Читать «Введение в лингвофольклористику: учебное пособие» онлайн - страница 59

Александр Тимофеевич Хроленко

В табасаранской бенде однако встречаются и такие бенды, для которых трудно установить, на каком языке они сложены, хотя и подчиняются законам табасаранской грамматики [Курбанов 1977: 21–23].

Критики концепции диалектного статуса языка фольклора ссылаются прежде всего на тот факт, что в фольклорных текстах сравнительно немного диалектизмов. А. Смирнов в 1847 г. опубликовал «Песни крестьян Владимирской и Костромской губерний с соблюдением местного выговора.» В текстах песен курсивом выделены некоторые фонетические и все морфологические и лексические диалектные особенности. Таких особенностей оказалось сравнительно немного. О том, что черт, свойственных только языку фольклора, немного, говорил и И.А. Оссовецкий [Оссовецкий 1979: 205]. Однако возникает вопрос, что такое много и немного применительно к весьма немногословным текстам песен.

Сравнительно небольшое количество лексических и морфологических диалектизмов в каждом отдельном фольклорном тексте даёт повод для предположения об «экспансии» диалекта в область устно-поэтической речи. «.Экспансия диалекта в фольклорную речь осуществляется в различной степени на разных языковых уровнях и в разных фольклорных жанрах» [Никитина 1982: 423].

Язык русского фольклора – наддиалект?

Неоспоримый факт некоторого различия устно-поэтической и диалектной речи одной и той же местности, возможное несовпадение территории «фольклорного диалекта» и просто диалекта подтолкнули к возникновению представления о наддиалектности языка фольклора.

Мнение о наддиалектности языка русского фольклора поддерживается многими исследователями.

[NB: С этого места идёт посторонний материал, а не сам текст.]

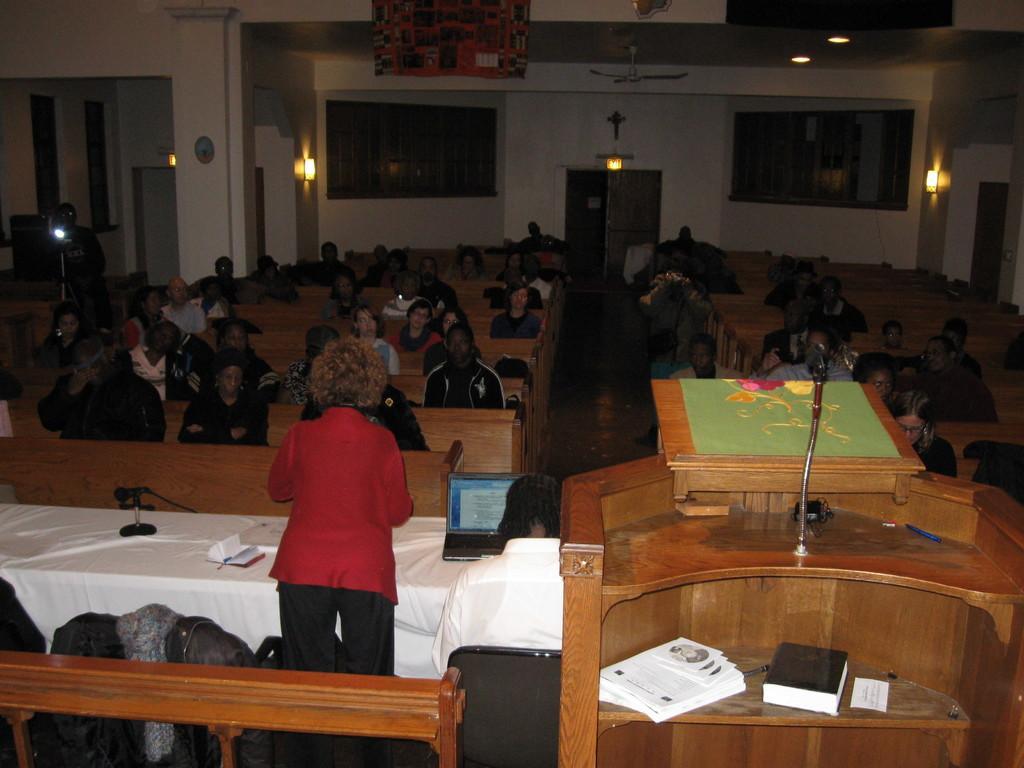Describe this image in one or two sentences. This picture shows a meeting room where all the people seated. we see a woman standing and speaking and we see a podium with a microphone on it and we see few books

Однако внимательное чтение их публикаций вызывает ощущение, что большинство авторов понимает термин наддиалектность либо слишком широко, либо неопределённо. Дело в том, что и сам термин язык фольклора понимается неоднозначно. Для одних – это единственно план выражения, строительный материал, «система дискретных (членораздельных) звуковых знаков, служащая для целей коммуникации и способная выразить всю совокупность знаний и представлений человека о мире» [Русский язык… 1979: 410]. Для других – «определённая система, имманентно развившая в себе такие выразительные средства, которые за пределами этой системы или не встречаются вовсе, или же находятся совсем в иных количественных соотношениях с другими фактами языка» [Оссовецкий 1979: 207]. Для третьих – «язык фольклора» включает в себя поэтику, все средства экспрессии и эстетики. И тогда он рядоположен с такими «языками», как «язык архитектуры» «язык кино», «язык музыки» и т. д. и т. п. [Художественный язык… 1981]. Точки зрения принципиально различаются тем, на что делается акцент: на структуру или функцию. Однако при этом забывается, что сопоставлять и противопоставлять структуру и функцию нельзя, как нельзя сравнивать набор строительных материалов со зданием, сложенным из этих материалов.

Наше понимание сводится к следующему. «Язык фольклора» – это система языковых единиц различного уровня, сложившаяся в процессе художественного творчества в пределах текста устно-поэтического произведения. Для этих единиц характерны потенции (предопределённые структурно-семантические свойства), реализация которых приводит к появлению поэтических приёмов, определяет композицию текста, обусловливает стилистическую (= жанровую) специфику фольклорного произведения и т. д. Если лингвиста интересует только лингвистическая структура безотносительно к фольклорному тексту / контексту, а фольклориста больше интересует текст / контекст, реже поэтические приёмы, другие художественно цельные фрагменты текста, то лингвофольклорист исследует возможности лингвистической структуры, механизм создания фольклорного текста и обратное воздействие текста на его лингвистическую структуру. «Пословица создавалась взаимными силами звуков и мысли» (Ф.И. Буслаев). Думается, что это замечание справедливо для всех жанров фольклора, и задача лингвофольклориста – выяснить, что реально стоит за этим «и». Недаром основоположник лингвофольклористики А.А. Потебня так напряжённо размышлял над внутренней формой слова, и прежде всего слова фольклорного, ибо, по его убеждению, даже самый гениальный писатель не сможет ничего создать без опоры на поэтические потенции языка, на богатство его образотворческих возможностей [Пресняков 1980].